<<<<
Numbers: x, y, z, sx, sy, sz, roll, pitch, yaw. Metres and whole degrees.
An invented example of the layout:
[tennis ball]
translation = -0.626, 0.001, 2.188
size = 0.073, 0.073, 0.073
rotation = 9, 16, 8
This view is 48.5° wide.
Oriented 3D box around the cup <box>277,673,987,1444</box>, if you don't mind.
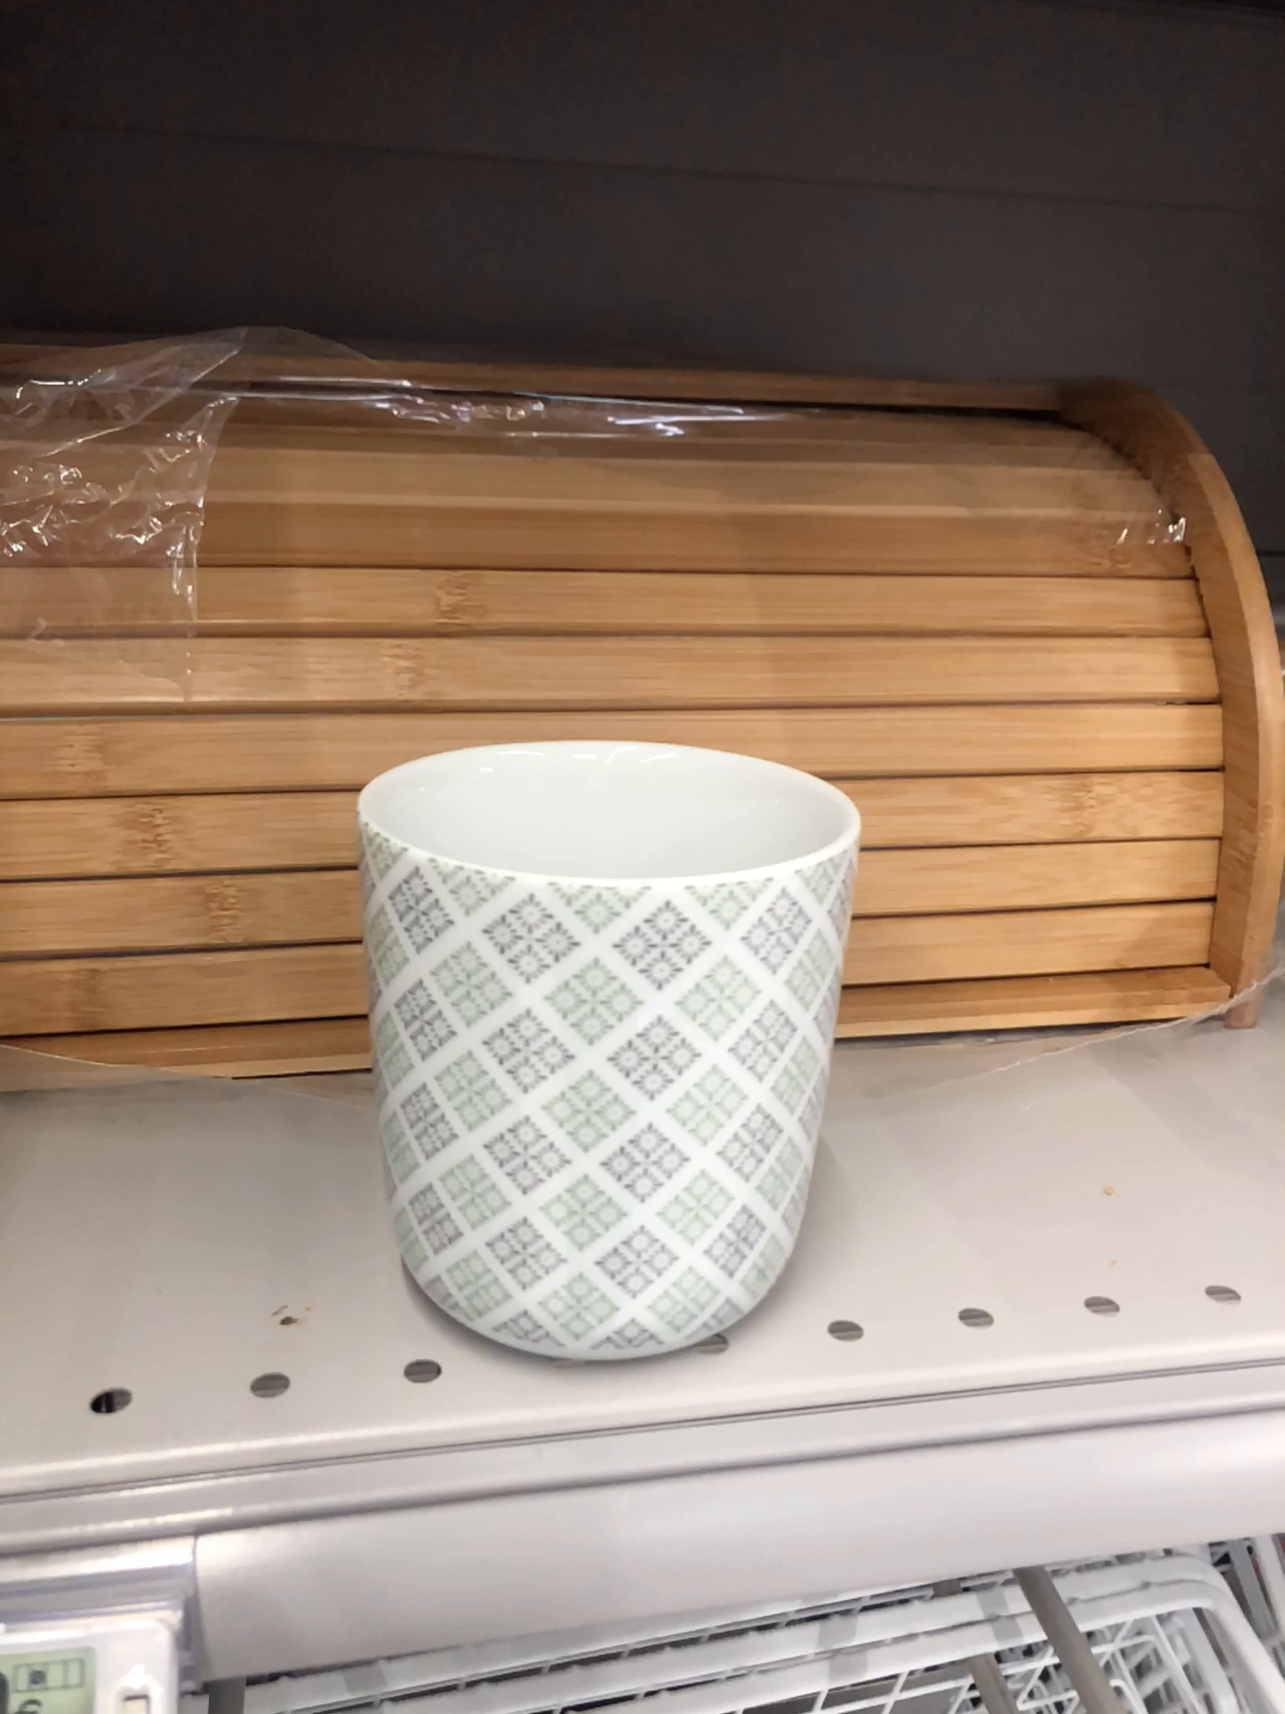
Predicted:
[cup]
translation = 0.004, 0.024, 0.274
size = 0.085, 0.090, 0.119
rotation = 12, 20, 24
>>>>
What is being asked: Set down exactly, and only, the lines from the one containing "Oriented 3D box" through the last line of the entries. Pictures do not belong in the copy.

Response to the task:
Oriented 3D box around the cup <box>277,673,987,1444</box>, if you don't mind.
Predicted:
[cup]
translation = 0.004, 0.024, 0.274
size = 0.085, 0.090, 0.119
rotation = 12, 20, 24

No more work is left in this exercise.